===== PROVIDED ENTRIES =====

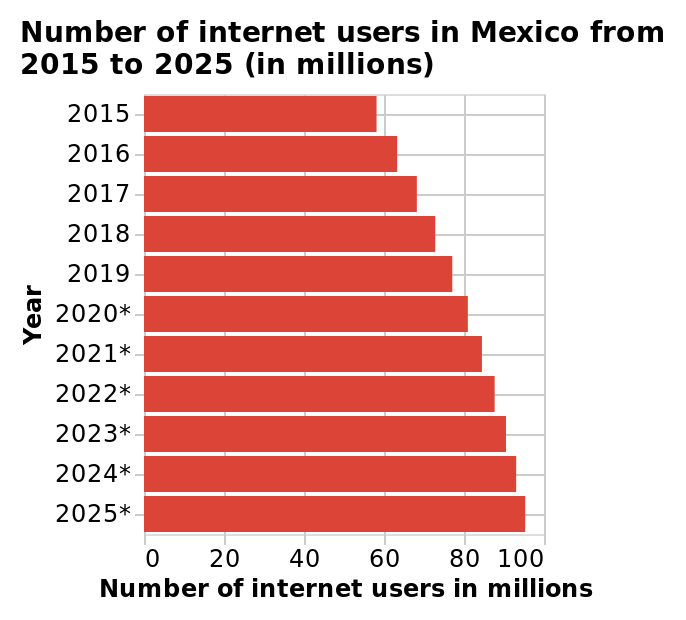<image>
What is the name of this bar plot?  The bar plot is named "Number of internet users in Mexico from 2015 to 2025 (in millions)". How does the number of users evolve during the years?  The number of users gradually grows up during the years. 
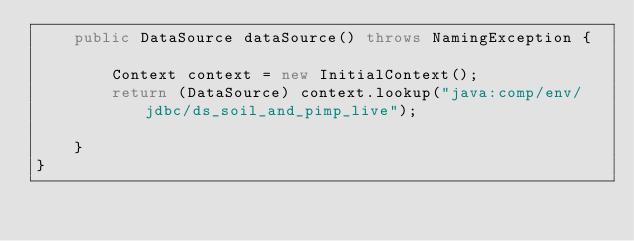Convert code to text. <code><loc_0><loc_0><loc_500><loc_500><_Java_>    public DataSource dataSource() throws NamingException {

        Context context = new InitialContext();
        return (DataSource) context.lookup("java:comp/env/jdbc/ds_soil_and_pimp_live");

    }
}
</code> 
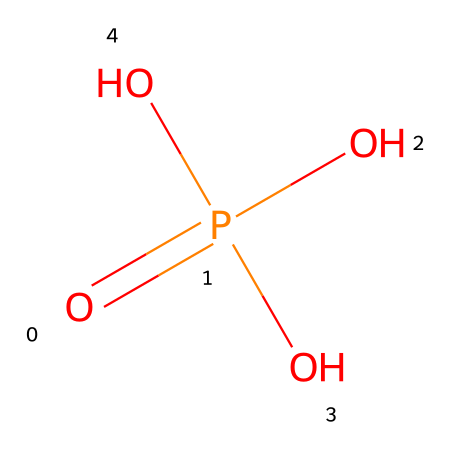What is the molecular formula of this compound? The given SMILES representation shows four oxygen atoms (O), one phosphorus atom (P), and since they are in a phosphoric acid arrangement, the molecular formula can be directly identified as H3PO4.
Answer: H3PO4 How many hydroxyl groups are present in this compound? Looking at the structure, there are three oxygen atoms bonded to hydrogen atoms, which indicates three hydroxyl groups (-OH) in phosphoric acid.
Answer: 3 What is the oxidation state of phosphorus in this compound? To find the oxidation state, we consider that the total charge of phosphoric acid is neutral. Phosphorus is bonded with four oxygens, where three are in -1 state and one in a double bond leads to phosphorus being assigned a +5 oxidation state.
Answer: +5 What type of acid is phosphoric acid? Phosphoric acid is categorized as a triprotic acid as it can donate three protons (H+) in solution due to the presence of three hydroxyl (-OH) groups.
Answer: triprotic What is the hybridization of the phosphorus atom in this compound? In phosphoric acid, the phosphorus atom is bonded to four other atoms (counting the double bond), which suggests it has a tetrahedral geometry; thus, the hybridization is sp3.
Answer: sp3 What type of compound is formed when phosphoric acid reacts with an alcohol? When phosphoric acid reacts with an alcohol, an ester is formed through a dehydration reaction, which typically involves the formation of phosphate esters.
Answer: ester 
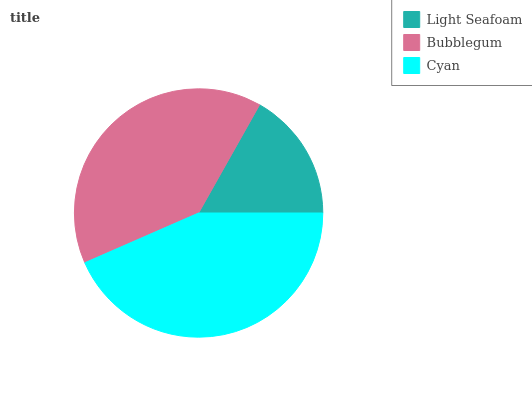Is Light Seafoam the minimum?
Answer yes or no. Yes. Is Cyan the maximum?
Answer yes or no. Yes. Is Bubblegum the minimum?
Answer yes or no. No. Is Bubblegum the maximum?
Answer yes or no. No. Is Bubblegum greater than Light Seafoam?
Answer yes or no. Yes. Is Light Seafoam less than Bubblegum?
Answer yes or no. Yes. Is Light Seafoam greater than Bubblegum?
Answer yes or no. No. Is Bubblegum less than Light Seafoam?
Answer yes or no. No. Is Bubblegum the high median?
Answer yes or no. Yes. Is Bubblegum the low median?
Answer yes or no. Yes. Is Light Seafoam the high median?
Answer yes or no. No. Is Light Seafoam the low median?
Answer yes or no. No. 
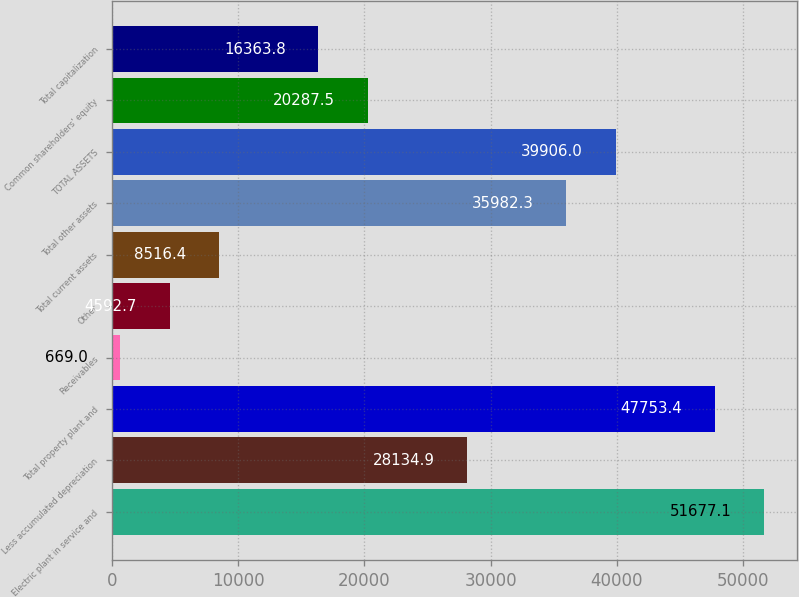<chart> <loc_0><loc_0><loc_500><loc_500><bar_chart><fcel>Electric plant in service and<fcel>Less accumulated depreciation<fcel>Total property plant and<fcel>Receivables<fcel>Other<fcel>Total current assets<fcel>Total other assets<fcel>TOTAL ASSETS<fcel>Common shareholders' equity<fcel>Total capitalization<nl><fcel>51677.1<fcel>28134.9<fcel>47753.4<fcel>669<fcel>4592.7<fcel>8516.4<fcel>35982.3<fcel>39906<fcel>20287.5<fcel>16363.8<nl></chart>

=====

AIM OF THE TASK:
All lines from the start of the entries through the one with "Context context = new" are to be output exactly; omit the pictures.

EXPECTED ANSWER:
<image>
What is the name of this bar plot?  The bar plot is named "Number of internet users in Mexico from 2015 to 2025 (in millions)". How does the number of users evolve during the years?  The number of users gradually grows up during the years. 
Convert code to text. <code><loc_0><loc_0><loc_500><loc_500><_Java_>    public DataSource dataSource() throws NamingException {

        Context context = new InitialContext();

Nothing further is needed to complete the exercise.